** Listed records **
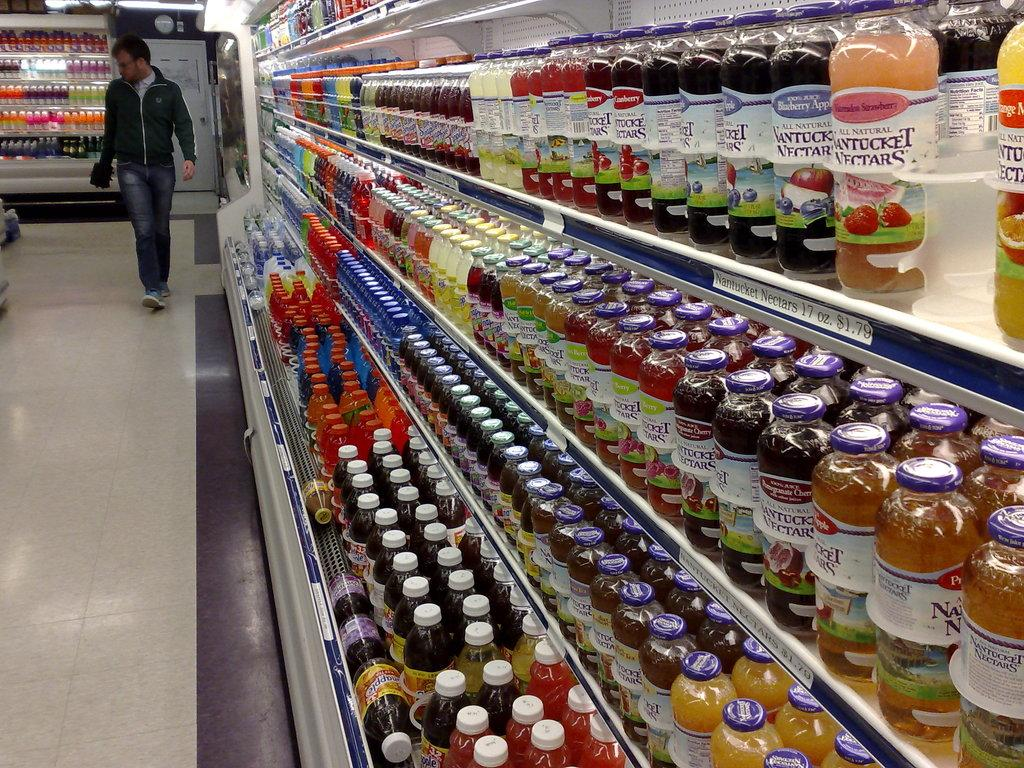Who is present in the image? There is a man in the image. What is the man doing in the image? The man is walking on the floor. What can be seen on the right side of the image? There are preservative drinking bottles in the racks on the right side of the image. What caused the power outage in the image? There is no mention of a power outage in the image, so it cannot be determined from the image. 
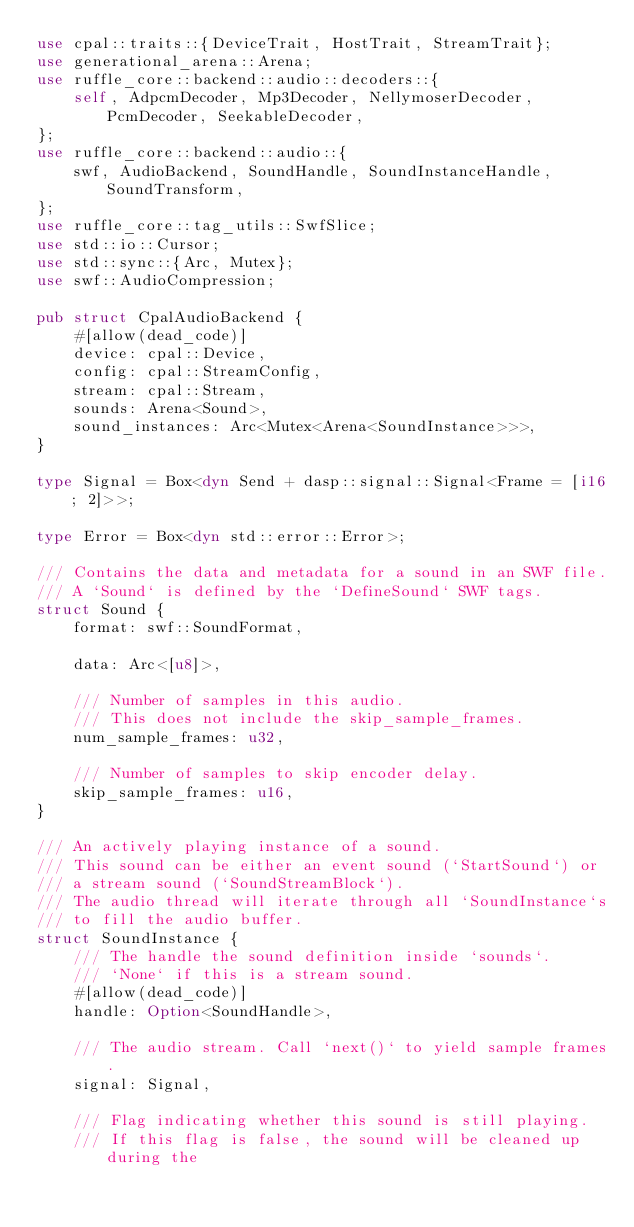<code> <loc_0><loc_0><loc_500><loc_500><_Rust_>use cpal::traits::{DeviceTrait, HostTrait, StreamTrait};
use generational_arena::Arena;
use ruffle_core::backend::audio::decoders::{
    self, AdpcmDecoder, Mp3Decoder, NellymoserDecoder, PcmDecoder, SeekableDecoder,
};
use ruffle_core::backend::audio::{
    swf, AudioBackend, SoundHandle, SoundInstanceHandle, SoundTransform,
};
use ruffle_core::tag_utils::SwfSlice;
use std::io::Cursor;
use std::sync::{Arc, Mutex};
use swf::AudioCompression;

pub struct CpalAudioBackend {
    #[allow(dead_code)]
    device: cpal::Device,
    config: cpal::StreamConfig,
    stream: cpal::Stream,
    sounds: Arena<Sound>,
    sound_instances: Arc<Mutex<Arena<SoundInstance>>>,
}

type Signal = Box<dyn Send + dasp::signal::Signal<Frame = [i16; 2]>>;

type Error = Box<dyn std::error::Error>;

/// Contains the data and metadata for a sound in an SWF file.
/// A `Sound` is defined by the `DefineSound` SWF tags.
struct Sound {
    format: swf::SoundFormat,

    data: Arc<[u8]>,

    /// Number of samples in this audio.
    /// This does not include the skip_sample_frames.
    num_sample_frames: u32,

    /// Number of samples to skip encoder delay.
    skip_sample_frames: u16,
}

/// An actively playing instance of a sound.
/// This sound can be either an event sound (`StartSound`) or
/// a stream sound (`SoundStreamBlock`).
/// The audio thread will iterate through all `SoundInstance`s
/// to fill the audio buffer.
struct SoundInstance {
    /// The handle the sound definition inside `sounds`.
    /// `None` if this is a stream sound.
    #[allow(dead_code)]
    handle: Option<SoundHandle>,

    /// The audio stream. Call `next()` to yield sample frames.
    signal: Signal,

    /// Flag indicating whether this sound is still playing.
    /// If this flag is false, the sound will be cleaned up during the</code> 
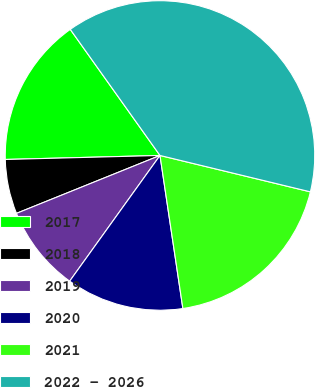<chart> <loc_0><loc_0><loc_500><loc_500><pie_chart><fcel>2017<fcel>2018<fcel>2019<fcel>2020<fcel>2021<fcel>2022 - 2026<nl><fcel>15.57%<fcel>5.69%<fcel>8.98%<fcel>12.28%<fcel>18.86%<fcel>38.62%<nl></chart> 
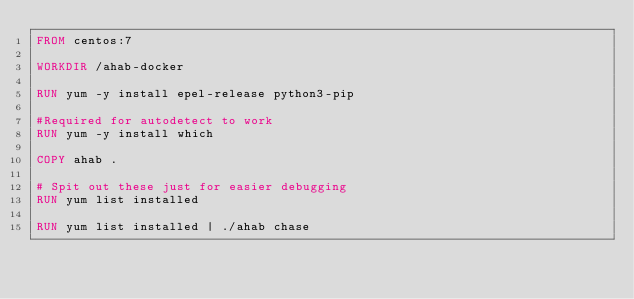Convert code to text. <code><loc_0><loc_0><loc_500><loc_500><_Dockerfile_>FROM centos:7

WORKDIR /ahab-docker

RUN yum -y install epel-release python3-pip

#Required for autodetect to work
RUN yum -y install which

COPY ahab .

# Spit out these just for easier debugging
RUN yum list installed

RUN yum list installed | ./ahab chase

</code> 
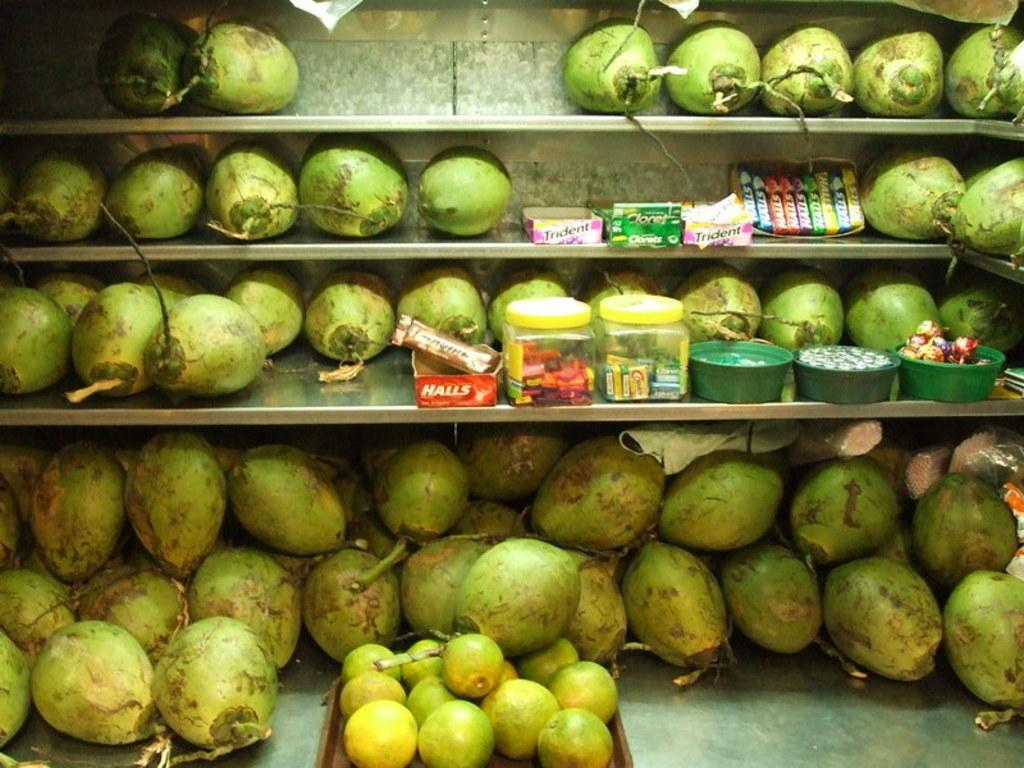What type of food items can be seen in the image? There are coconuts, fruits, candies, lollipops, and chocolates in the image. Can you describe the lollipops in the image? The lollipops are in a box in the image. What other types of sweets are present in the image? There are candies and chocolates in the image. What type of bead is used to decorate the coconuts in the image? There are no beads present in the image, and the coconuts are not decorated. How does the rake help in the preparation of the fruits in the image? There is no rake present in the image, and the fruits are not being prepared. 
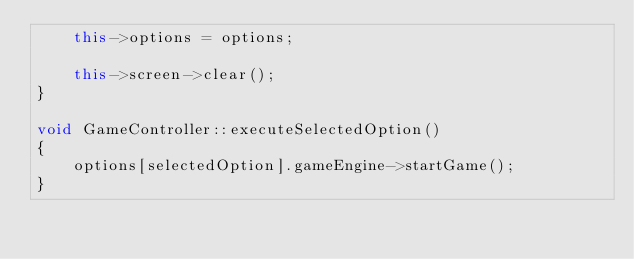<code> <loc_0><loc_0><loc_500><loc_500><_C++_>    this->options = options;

** Goal of the exercise **
The response must contain every line from the listing above in which the string "playing" appears.

** Task solution **
/// An actively playing instance of a sound.
    /// Flag indicating whether this sound is still playing.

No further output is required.